Keypoint Representation Research

  • Evolution from hand-crafted feature engineering to deep learning methods (CNNs)
  • Application of graph neural networks (GNNs) in action and gesture recognition
  • Successful application of Transformer architecture in computer vision

Technical Comparison

This paper adopts the approach of directly inputting keypoints to Transformer, distinguishing it from traditional graph neural network construction methods.
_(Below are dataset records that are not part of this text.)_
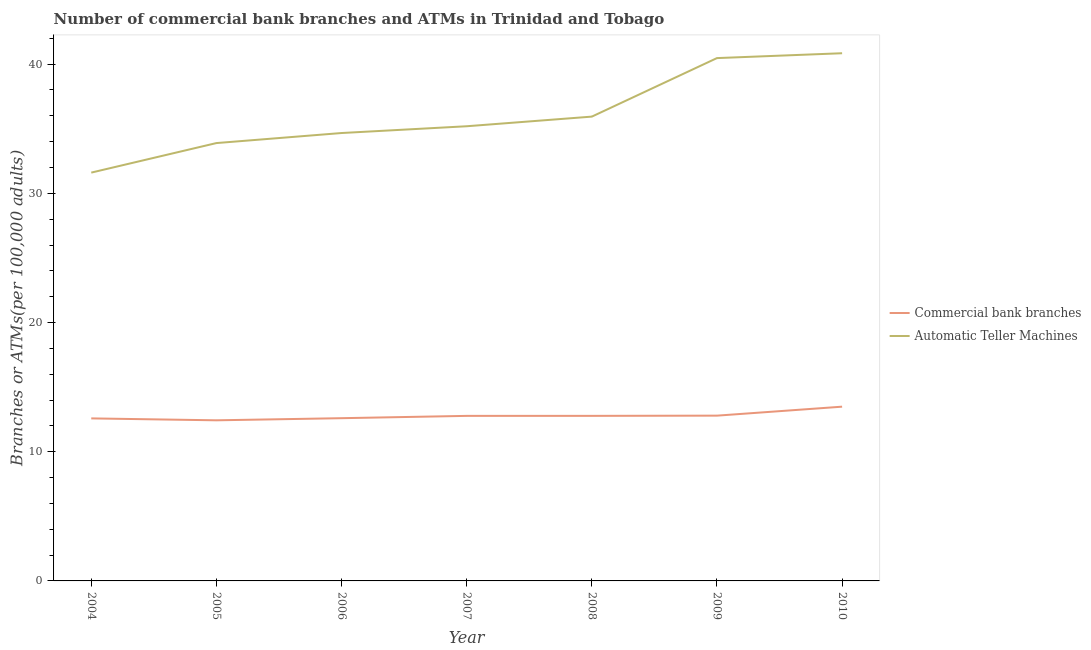How many different coloured lines are there?
Keep it short and to the point. 2. Is the number of lines equal to the number of legend labels?
Keep it short and to the point. Yes. What is the number of commercal bank branches in 2008?
Your answer should be compact. 12.78. Across all years, what is the maximum number of commercal bank branches?
Ensure brevity in your answer.  13.49. Across all years, what is the minimum number of atms?
Provide a short and direct response. 31.6. In which year was the number of atms minimum?
Provide a succinct answer. 2004. What is the total number of commercal bank branches in the graph?
Your answer should be very brief. 89.44. What is the difference between the number of atms in 2007 and that in 2009?
Provide a succinct answer. -5.28. What is the difference between the number of atms in 2005 and the number of commercal bank branches in 2006?
Ensure brevity in your answer.  21.29. What is the average number of commercal bank branches per year?
Make the answer very short. 12.78. In the year 2004, what is the difference between the number of commercal bank branches and number of atms?
Your answer should be compact. -19.02. What is the ratio of the number of commercal bank branches in 2004 to that in 2006?
Provide a succinct answer. 1. Is the number of atms in 2005 less than that in 2009?
Provide a short and direct response. Yes. What is the difference between the highest and the second highest number of commercal bank branches?
Provide a short and direct response. 0.69. What is the difference between the highest and the lowest number of commercal bank branches?
Offer a very short reply. 1.06. In how many years, is the number of atms greater than the average number of atms taken over all years?
Your answer should be very brief. 2. Is the sum of the number of atms in 2008 and 2010 greater than the maximum number of commercal bank branches across all years?
Your answer should be very brief. Yes. Is the number of commercal bank branches strictly less than the number of atms over the years?
Keep it short and to the point. Yes. What is the difference between two consecutive major ticks on the Y-axis?
Your answer should be very brief. 10. Are the values on the major ticks of Y-axis written in scientific E-notation?
Your answer should be very brief. No. Does the graph contain grids?
Offer a terse response. No. How many legend labels are there?
Ensure brevity in your answer.  2. How are the legend labels stacked?
Provide a short and direct response. Vertical. What is the title of the graph?
Keep it short and to the point. Number of commercial bank branches and ATMs in Trinidad and Tobago. Does "Depositors" appear as one of the legend labels in the graph?
Your response must be concise. No. What is the label or title of the X-axis?
Your answer should be compact. Year. What is the label or title of the Y-axis?
Ensure brevity in your answer.  Branches or ATMs(per 100,0 adults). What is the Branches or ATMs(per 100,000 adults) of Commercial bank branches in 2004?
Make the answer very short. 12.58. What is the Branches or ATMs(per 100,000 adults) of Automatic Teller Machines in 2004?
Make the answer very short. 31.6. What is the Branches or ATMs(per 100,000 adults) in Commercial bank branches in 2005?
Your answer should be compact. 12.43. What is the Branches or ATMs(per 100,000 adults) of Automatic Teller Machines in 2005?
Your answer should be compact. 33.89. What is the Branches or ATMs(per 100,000 adults) in Commercial bank branches in 2006?
Your answer should be compact. 12.6. What is the Branches or ATMs(per 100,000 adults) in Automatic Teller Machines in 2006?
Offer a terse response. 34.67. What is the Branches or ATMs(per 100,000 adults) of Commercial bank branches in 2007?
Make the answer very short. 12.77. What is the Branches or ATMs(per 100,000 adults) in Automatic Teller Machines in 2007?
Make the answer very short. 35.19. What is the Branches or ATMs(per 100,000 adults) of Commercial bank branches in 2008?
Offer a very short reply. 12.78. What is the Branches or ATMs(per 100,000 adults) in Automatic Teller Machines in 2008?
Keep it short and to the point. 35.94. What is the Branches or ATMs(per 100,000 adults) in Commercial bank branches in 2009?
Provide a succinct answer. 12.79. What is the Branches or ATMs(per 100,000 adults) of Automatic Teller Machines in 2009?
Give a very brief answer. 40.47. What is the Branches or ATMs(per 100,000 adults) in Commercial bank branches in 2010?
Provide a short and direct response. 13.49. What is the Branches or ATMs(per 100,000 adults) in Automatic Teller Machines in 2010?
Your answer should be very brief. 40.84. Across all years, what is the maximum Branches or ATMs(per 100,000 adults) in Commercial bank branches?
Keep it short and to the point. 13.49. Across all years, what is the maximum Branches or ATMs(per 100,000 adults) in Automatic Teller Machines?
Provide a short and direct response. 40.84. Across all years, what is the minimum Branches or ATMs(per 100,000 adults) in Commercial bank branches?
Offer a terse response. 12.43. Across all years, what is the minimum Branches or ATMs(per 100,000 adults) of Automatic Teller Machines?
Offer a terse response. 31.6. What is the total Branches or ATMs(per 100,000 adults) in Commercial bank branches in the graph?
Your answer should be compact. 89.44. What is the total Branches or ATMs(per 100,000 adults) in Automatic Teller Machines in the graph?
Ensure brevity in your answer.  252.6. What is the difference between the Branches or ATMs(per 100,000 adults) of Commercial bank branches in 2004 and that in 2005?
Your response must be concise. 0.15. What is the difference between the Branches or ATMs(per 100,000 adults) of Automatic Teller Machines in 2004 and that in 2005?
Offer a terse response. -2.29. What is the difference between the Branches or ATMs(per 100,000 adults) of Commercial bank branches in 2004 and that in 2006?
Give a very brief answer. -0.02. What is the difference between the Branches or ATMs(per 100,000 adults) in Automatic Teller Machines in 2004 and that in 2006?
Offer a terse response. -3.06. What is the difference between the Branches or ATMs(per 100,000 adults) in Commercial bank branches in 2004 and that in 2007?
Your response must be concise. -0.2. What is the difference between the Branches or ATMs(per 100,000 adults) of Automatic Teller Machines in 2004 and that in 2007?
Keep it short and to the point. -3.59. What is the difference between the Branches or ATMs(per 100,000 adults) of Commercial bank branches in 2004 and that in 2008?
Make the answer very short. -0.2. What is the difference between the Branches or ATMs(per 100,000 adults) in Automatic Teller Machines in 2004 and that in 2008?
Your response must be concise. -4.33. What is the difference between the Branches or ATMs(per 100,000 adults) of Commercial bank branches in 2004 and that in 2009?
Provide a short and direct response. -0.21. What is the difference between the Branches or ATMs(per 100,000 adults) in Automatic Teller Machines in 2004 and that in 2009?
Offer a very short reply. -8.86. What is the difference between the Branches or ATMs(per 100,000 adults) of Commercial bank branches in 2004 and that in 2010?
Make the answer very short. -0.91. What is the difference between the Branches or ATMs(per 100,000 adults) of Automatic Teller Machines in 2004 and that in 2010?
Your response must be concise. -9.24. What is the difference between the Branches or ATMs(per 100,000 adults) in Commercial bank branches in 2005 and that in 2006?
Provide a short and direct response. -0.16. What is the difference between the Branches or ATMs(per 100,000 adults) in Automatic Teller Machines in 2005 and that in 2006?
Ensure brevity in your answer.  -0.78. What is the difference between the Branches or ATMs(per 100,000 adults) of Commercial bank branches in 2005 and that in 2007?
Offer a terse response. -0.34. What is the difference between the Branches or ATMs(per 100,000 adults) of Automatic Teller Machines in 2005 and that in 2007?
Offer a very short reply. -1.3. What is the difference between the Branches or ATMs(per 100,000 adults) of Commercial bank branches in 2005 and that in 2008?
Your answer should be compact. -0.35. What is the difference between the Branches or ATMs(per 100,000 adults) in Automatic Teller Machines in 2005 and that in 2008?
Give a very brief answer. -2.05. What is the difference between the Branches or ATMs(per 100,000 adults) in Commercial bank branches in 2005 and that in 2009?
Make the answer very short. -0.36. What is the difference between the Branches or ATMs(per 100,000 adults) in Automatic Teller Machines in 2005 and that in 2009?
Give a very brief answer. -6.58. What is the difference between the Branches or ATMs(per 100,000 adults) in Commercial bank branches in 2005 and that in 2010?
Your response must be concise. -1.06. What is the difference between the Branches or ATMs(per 100,000 adults) in Automatic Teller Machines in 2005 and that in 2010?
Ensure brevity in your answer.  -6.95. What is the difference between the Branches or ATMs(per 100,000 adults) in Commercial bank branches in 2006 and that in 2007?
Ensure brevity in your answer.  -0.18. What is the difference between the Branches or ATMs(per 100,000 adults) of Automatic Teller Machines in 2006 and that in 2007?
Ensure brevity in your answer.  -0.52. What is the difference between the Branches or ATMs(per 100,000 adults) in Commercial bank branches in 2006 and that in 2008?
Your answer should be compact. -0.18. What is the difference between the Branches or ATMs(per 100,000 adults) in Automatic Teller Machines in 2006 and that in 2008?
Provide a succinct answer. -1.27. What is the difference between the Branches or ATMs(per 100,000 adults) of Commercial bank branches in 2006 and that in 2009?
Offer a very short reply. -0.2. What is the difference between the Branches or ATMs(per 100,000 adults) of Automatic Teller Machines in 2006 and that in 2009?
Provide a short and direct response. -5.8. What is the difference between the Branches or ATMs(per 100,000 adults) of Commercial bank branches in 2006 and that in 2010?
Offer a very short reply. -0.89. What is the difference between the Branches or ATMs(per 100,000 adults) in Automatic Teller Machines in 2006 and that in 2010?
Offer a terse response. -6.18. What is the difference between the Branches or ATMs(per 100,000 adults) in Commercial bank branches in 2007 and that in 2008?
Provide a short and direct response. -0. What is the difference between the Branches or ATMs(per 100,000 adults) in Automatic Teller Machines in 2007 and that in 2008?
Your answer should be very brief. -0.75. What is the difference between the Branches or ATMs(per 100,000 adults) of Commercial bank branches in 2007 and that in 2009?
Keep it short and to the point. -0.02. What is the difference between the Branches or ATMs(per 100,000 adults) in Automatic Teller Machines in 2007 and that in 2009?
Provide a succinct answer. -5.28. What is the difference between the Branches or ATMs(per 100,000 adults) in Commercial bank branches in 2007 and that in 2010?
Provide a succinct answer. -0.71. What is the difference between the Branches or ATMs(per 100,000 adults) in Automatic Teller Machines in 2007 and that in 2010?
Your response must be concise. -5.65. What is the difference between the Branches or ATMs(per 100,000 adults) in Commercial bank branches in 2008 and that in 2009?
Your answer should be compact. -0.02. What is the difference between the Branches or ATMs(per 100,000 adults) of Automatic Teller Machines in 2008 and that in 2009?
Give a very brief answer. -4.53. What is the difference between the Branches or ATMs(per 100,000 adults) in Commercial bank branches in 2008 and that in 2010?
Your answer should be very brief. -0.71. What is the difference between the Branches or ATMs(per 100,000 adults) of Automatic Teller Machines in 2008 and that in 2010?
Your answer should be compact. -4.91. What is the difference between the Branches or ATMs(per 100,000 adults) in Commercial bank branches in 2009 and that in 2010?
Your answer should be very brief. -0.69. What is the difference between the Branches or ATMs(per 100,000 adults) of Automatic Teller Machines in 2009 and that in 2010?
Give a very brief answer. -0.38. What is the difference between the Branches or ATMs(per 100,000 adults) of Commercial bank branches in 2004 and the Branches or ATMs(per 100,000 adults) of Automatic Teller Machines in 2005?
Your answer should be compact. -21.31. What is the difference between the Branches or ATMs(per 100,000 adults) in Commercial bank branches in 2004 and the Branches or ATMs(per 100,000 adults) in Automatic Teller Machines in 2006?
Provide a succinct answer. -22.09. What is the difference between the Branches or ATMs(per 100,000 adults) of Commercial bank branches in 2004 and the Branches or ATMs(per 100,000 adults) of Automatic Teller Machines in 2007?
Offer a very short reply. -22.61. What is the difference between the Branches or ATMs(per 100,000 adults) of Commercial bank branches in 2004 and the Branches or ATMs(per 100,000 adults) of Automatic Teller Machines in 2008?
Give a very brief answer. -23.36. What is the difference between the Branches or ATMs(per 100,000 adults) in Commercial bank branches in 2004 and the Branches or ATMs(per 100,000 adults) in Automatic Teller Machines in 2009?
Offer a very short reply. -27.89. What is the difference between the Branches or ATMs(per 100,000 adults) of Commercial bank branches in 2004 and the Branches or ATMs(per 100,000 adults) of Automatic Teller Machines in 2010?
Your answer should be very brief. -28.26. What is the difference between the Branches or ATMs(per 100,000 adults) in Commercial bank branches in 2005 and the Branches or ATMs(per 100,000 adults) in Automatic Teller Machines in 2006?
Your answer should be very brief. -22.24. What is the difference between the Branches or ATMs(per 100,000 adults) in Commercial bank branches in 2005 and the Branches or ATMs(per 100,000 adults) in Automatic Teller Machines in 2007?
Offer a terse response. -22.76. What is the difference between the Branches or ATMs(per 100,000 adults) of Commercial bank branches in 2005 and the Branches or ATMs(per 100,000 adults) of Automatic Teller Machines in 2008?
Your response must be concise. -23.51. What is the difference between the Branches or ATMs(per 100,000 adults) of Commercial bank branches in 2005 and the Branches or ATMs(per 100,000 adults) of Automatic Teller Machines in 2009?
Your answer should be very brief. -28.04. What is the difference between the Branches or ATMs(per 100,000 adults) of Commercial bank branches in 2005 and the Branches or ATMs(per 100,000 adults) of Automatic Teller Machines in 2010?
Keep it short and to the point. -28.41. What is the difference between the Branches or ATMs(per 100,000 adults) in Commercial bank branches in 2006 and the Branches or ATMs(per 100,000 adults) in Automatic Teller Machines in 2007?
Provide a succinct answer. -22.6. What is the difference between the Branches or ATMs(per 100,000 adults) in Commercial bank branches in 2006 and the Branches or ATMs(per 100,000 adults) in Automatic Teller Machines in 2008?
Provide a succinct answer. -23.34. What is the difference between the Branches or ATMs(per 100,000 adults) of Commercial bank branches in 2006 and the Branches or ATMs(per 100,000 adults) of Automatic Teller Machines in 2009?
Offer a very short reply. -27.87. What is the difference between the Branches or ATMs(per 100,000 adults) in Commercial bank branches in 2006 and the Branches or ATMs(per 100,000 adults) in Automatic Teller Machines in 2010?
Provide a succinct answer. -28.25. What is the difference between the Branches or ATMs(per 100,000 adults) in Commercial bank branches in 2007 and the Branches or ATMs(per 100,000 adults) in Automatic Teller Machines in 2008?
Ensure brevity in your answer.  -23.16. What is the difference between the Branches or ATMs(per 100,000 adults) in Commercial bank branches in 2007 and the Branches or ATMs(per 100,000 adults) in Automatic Teller Machines in 2009?
Make the answer very short. -27.69. What is the difference between the Branches or ATMs(per 100,000 adults) in Commercial bank branches in 2007 and the Branches or ATMs(per 100,000 adults) in Automatic Teller Machines in 2010?
Your answer should be compact. -28.07. What is the difference between the Branches or ATMs(per 100,000 adults) in Commercial bank branches in 2008 and the Branches or ATMs(per 100,000 adults) in Automatic Teller Machines in 2009?
Give a very brief answer. -27.69. What is the difference between the Branches or ATMs(per 100,000 adults) in Commercial bank branches in 2008 and the Branches or ATMs(per 100,000 adults) in Automatic Teller Machines in 2010?
Provide a succinct answer. -28.07. What is the difference between the Branches or ATMs(per 100,000 adults) of Commercial bank branches in 2009 and the Branches or ATMs(per 100,000 adults) of Automatic Teller Machines in 2010?
Offer a terse response. -28.05. What is the average Branches or ATMs(per 100,000 adults) in Commercial bank branches per year?
Your response must be concise. 12.78. What is the average Branches or ATMs(per 100,000 adults) in Automatic Teller Machines per year?
Your answer should be compact. 36.09. In the year 2004, what is the difference between the Branches or ATMs(per 100,000 adults) in Commercial bank branches and Branches or ATMs(per 100,000 adults) in Automatic Teller Machines?
Your answer should be very brief. -19.02. In the year 2005, what is the difference between the Branches or ATMs(per 100,000 adults) of Commercial bank branches and Branches or ATMs(per 100,000 adults) of Automatic Teller Machines?
Provide a short and direct response. -21.46. In the year 2006, what is the difference between the Branches or ATMs(per 100,000 adults) of Commercial bank branches and Branches or ATMs(per 100,000 adults) of Automatic Teller Machines?
Offer a terse response. -22.07. In the year 2007, what is the difference between the Branches or ATMs(per 100,000 adults) of Commercial bank branches and Branches or ATMs(per 100,000 adults) of Automatic Teller Machines?
Offer a very short reply. -22.42. In the year 2008, what is the difference between the Branches or ATMs(per 100,000 adults) of Commercial bank branches and Branches or ATMs(per 100,000 adults) of Automatic Teller Machines?
Offer a very short reply. -23.16. In the year 2009, what is the difference between the Branches or ATMs(per 100,000 adults) in Commercial bank branches and Branches or ATMs(per 100,000 adults) in Automatic Teller Machines?
Offer a very short reply. -27.67. In the year 2010, what is the difference between the Branches or ATMs(per 100,000 adults) of Commercial bank branches and Branches or ATMs(per 100,000 adults) of Automatic Teller Machines?
Keep it short and to the point. -27.36. What is the ratio of the Branches or ATMs(per 100,000 adults) of Commercial bank branches in 2004 to that in 2005?
Make the answer very short. 1.01. What is the ratio of the Branches or ATMs(per 100,000 adults) in Automatic Teller Machines in 2004 to that in 2005?
Offer a terse response. 0.93. What is the ratio of the Branches or ATMs(per 100,000 adults) of Automatic Teller Machines in 2004 to that in 2006?
Make the answer very short. 0.91. What is the ratio of the Branches or ATMs(per 100,000 adults) in Commercial bank branches in 2004 to that in 2007?
Ensure brevity in your answer.  0.98. What is the ratio of the Branches or ATMs(per 100,000 adults) in Automatic Teller Machines in 2004 to that in 2007?
Keep it short and to the point. 0.9. What is the ratio of the Branches or ATMs(per 100,000 adults) in Commercial bank branches in 2004 to that in 2008?
Provide a succinct answer. 0.98. What is the ratio of the Branches or ATMs(per 100,000 adults) of Automatic Teller Machines in 2004 to that in 2008?
Your response must be concise. 0.88. What is the ratio of the Branches or ATMs(per 100,000 adults) in Commercial bank branches in 2004 to that in 2009?
Provide a succinct answer. 0.98. What is the ratio of the Branches or ATMs(per 100,000 adults) in Automatic Teller Machines in 2004 to that in 2009?
Provide a succinct answer. 0.78. What is the ratio of the Branches or ATMs(per 100,000 adults) in Commercial bank branches in 2004 to that in 2010?
Offer a very short reply. 0.93. What is the ratio of the Branches or ATMs(per 100,000 adults) of Automatic Teller Machines in 2004 to that in 2010?
Keep it short and to the point. 0.77. What is the ratio of the Branches or ATMs(per 100,000 adults) in Commercial bank branches in 2005 to that in 2006?
Provide a short and direct response. 0.99. What is the ratio of the Branches or ATMs(per 100,000 adults) in Automatic Teller Machines in 2005 to that in 2006?
Your answer should be compact. 0.98. What is the ratio of the Branches or ATMs(per 100,000 adults) of Commercial bank branches in 2005 to that in 2007?
Your answer should be very brief. 0.97. What is the ratio of the Branches or ATMs(per 100,000 adults) in Commercial bank branches in 2005 to that in 2008?
Offer a very short reply. 0.97. What is the ratio of the Branches or ATMs(per 100,000 adults) in Automatic Teller Machines in 2005 to that in 2008?
Provide a short and direct response. 0.94. What is the ratio of the Branches or ATMs(per 100,000 adults) in Commercial bank branches in 2005 to that in 2009?
Your answer should be very brief. 0.97. What is the ratio of the Branches or ATMs(per 100,000 adults) in Automatic Teller Machines in 2005 to that in 2009?
Keep it short and to the point. 0.84. What is the ratio of the Branches or ATMs(per 100,000 adults) of Commercial bank branches in 2005 to that in 2010?
Your answer should be very brief. 0.92. What is the ratio of the Branches or ATMs(per 100,000 adults) in Automatic Teller Machines in 2005 to that in 2010?
Your answer should be compact. 0.83. What is the ratio of the Branches or ATMs(per 100,000 adults) in Automatic Teller Machines in 2006 to that in 2007?
Give a very brief answer. 0.99. What is the ratio of the Branches or ATMs(per 100,000 adults) in Commercial bank branches in 2006 to that in 2008?
Offer a terse response. 0.99. What is the ratio of the Branches or ATMs(per 100,000 adults) of Automatic Teller Machines in 2006 to that in 2008?
Your response must be concise. 0.96. What is the ratio of the Branches or ATMs(per 100,000 adults) in Commercial bank branches in 2006 to that in 2009?
Your answer should be compact. 0.98. What is the ratio of the Branches or ATMs(per 100,000 adults) of Automatic Teller Machines in 2006 to that in 2009?
Give a very brief answer. 0.86. What is the ratio of the Branches or ATMs(per 100,000 adults) of Commercial bank branches in 2006 to that in 2010?
Your response must be concise. 0.93. What is the ratio of the Branches or ATMs(per 100,000 adults) in Automatic Teller Machines in 2006 to that in 2010?
Your response must be concise. 0.85. What is the ratio of the Branches or ATMs(per 100,000 adults) in Commercial bank branches in 2007 to that in 2008?
Ensure brevity in your answer.  1. What is the ratio of the Branches or ATMs(per 100,000 adults) in Automatic Teller Machines in 2007 to that in 2008?
Your response must be concise. 0.98. What is the ratio of the Branches or ATMs(per 100,000 adults) of Commercial bank branches in 2007 to that in 2009?
Your answer should be very brief. 1. What is the ratio of the Branches or ATMs(per 100,000 adults) of Automatic Teller Machines in 2007 to that in 2009?
Your response must be concise. 0.87. What is the ratio of the Branches or ATMs(per 100,000 adults) in Commercial bank branches in 2007 to that in 2010?
Make the answer very short. 0.95. What is the ratio of the Branches or ATMs(per 100,000 adults) of Automatic Teller Machines in 2007 to that in 2010?
Make the answer very short. 0.86. What is the ratio of the Branches or ATMs(per 100,000 adults) in Commercial bank branches in 2008 to that in 2009?
Provide a succinct answer. 1. What is the ratio of the Branches or ATMs(per 100,000 adults) of Automatic Teller Machines in 2008 to that in 2009?
Provide a succinct answer. 0.89. What is the ratio of the Branches or ATMs(per 100,000 adults) of Commercial bank branches in 2008 to that in 2010?
Your answer should be very brief. 0.95. What is the ratio of the Branches or ATMs(per 100,000 adults) in Automatic Teller Machines in 2008 to that in 2010?
Your answer should be very brief. 0.88. What is the ratio of the Branches or ATMs(per 100,000 adults) of Commercial bank branches in 2009 to that in 2010?
Your answer should be compact. 0.95. What is the difference between the highest and the second highest Branches or ATMs(per 100,000 adults) of Commercial bank branches?
Make the answer very short. 0.69. What is the difference between the highest and the second highest Branches or ATMs(per 100,000 adults) in Automatic Teller Machines?
Your answer should be compact. 0.38. What is the difference between the highest and the lowest Branches or ATMs(per 100,000 adults) in Commercial bank branches?
Offer a very short reply. 1.06. What is the difference between the highest and the lowest Branches or ATMs(per 100,000 adults) of Automatic Teller Machines?
Offer a terse response. 9.24.

Conclusions and Discussion

Main Conclusions

  1. Keypoint-based methods demonstrate significant computational advantages in BSL recognition
  2. Transformer architecture effectively processes keypoint sequences
  3. Facial keypoints are critical for BSL recognition performance
  4. Appropriate data augmentation further improves model performance

Limitations

  1. Accuracy: 60% accuracy still has room for improvement
  2. Missing Comparisons: As the first keypoint-based method, lacks direct comparison baselines
  3. Dataset Limitations: Validated only on the BOBSL dataset
  4. Real-time Verification: Lacks actual real-time performance testing

Future Directions

  1. Multimodal Fusion: Combining keypoints and RGB images to improve accuracy
  2. 3D Pose Estimation: Exploring sequence-level 3D pose estimation techniques
  3. Skeleton Images: Attempting black-and-white skeleton image representations based on keypoints
  4. Larger-scale Validation: Validating the method on more sign language datasets

In-depth Evaluation

Strengths

  1. Strong Innovation: First application of pure keypoint-based methods to BSL recognition
  2. High Practical Value: Significantly reduces computational costs, suitable for resource-constrained environments
  3. Sound Methodology: Clear technical approach with complete implementation details
  4. Comprehensive Experiments: Includes comparative experiments with multiple configurations and augmentation strategies

Weaknesses

  1. Limited Performance: 60% accuracy is relatively low
  2. Lack of Comparisons: Cannot directly compare with other methods
  3. Insufficient Analysis: Lacks in-depth analysis of failure cases
  4. Unknown Generalization: Validated only on a single dataset

Impact

  1. Pioneering: Provides a new technical pathway for sign language recognition
  2. Practicality: Efficient methods facilitate real-world deployment
  3. Extensibility: Provides a solid foundation for subsequent research
  4. Social Value: Contributes to improving technological accessibility for the deaf community

Applicable Scenarios

  1. Resource-constrained Environments: Mobile devices, edge computing scenarios
  2. Real-time Applications: Interactive systems requiring rapid response
  3. Large-scale Deployment: Scenarios requiring processing large volumes of video data
  4. Research Prototypes: As a foundational component for more complex systems

References

The paper cites multiple important related works, including:

  • BOBSL dataset-related papers 3
  • MediaPipe keypoint extraction framework 13
  • Original Transformer architecture paper 18
  • Sign language recognition research 1,2,6
  • Application of graph neural networks in action recognition 21

Overall Assessment: This is a pioneering paper that applies keypoint-based methods to BSL recognition for the first time. While there is room for improvement in accuracy, its significant advantages in computational efficiency provide important practical value. This work provides a new research direction for the sign language recognition field, with particular significance in resource-constrained and real-time application scenarios.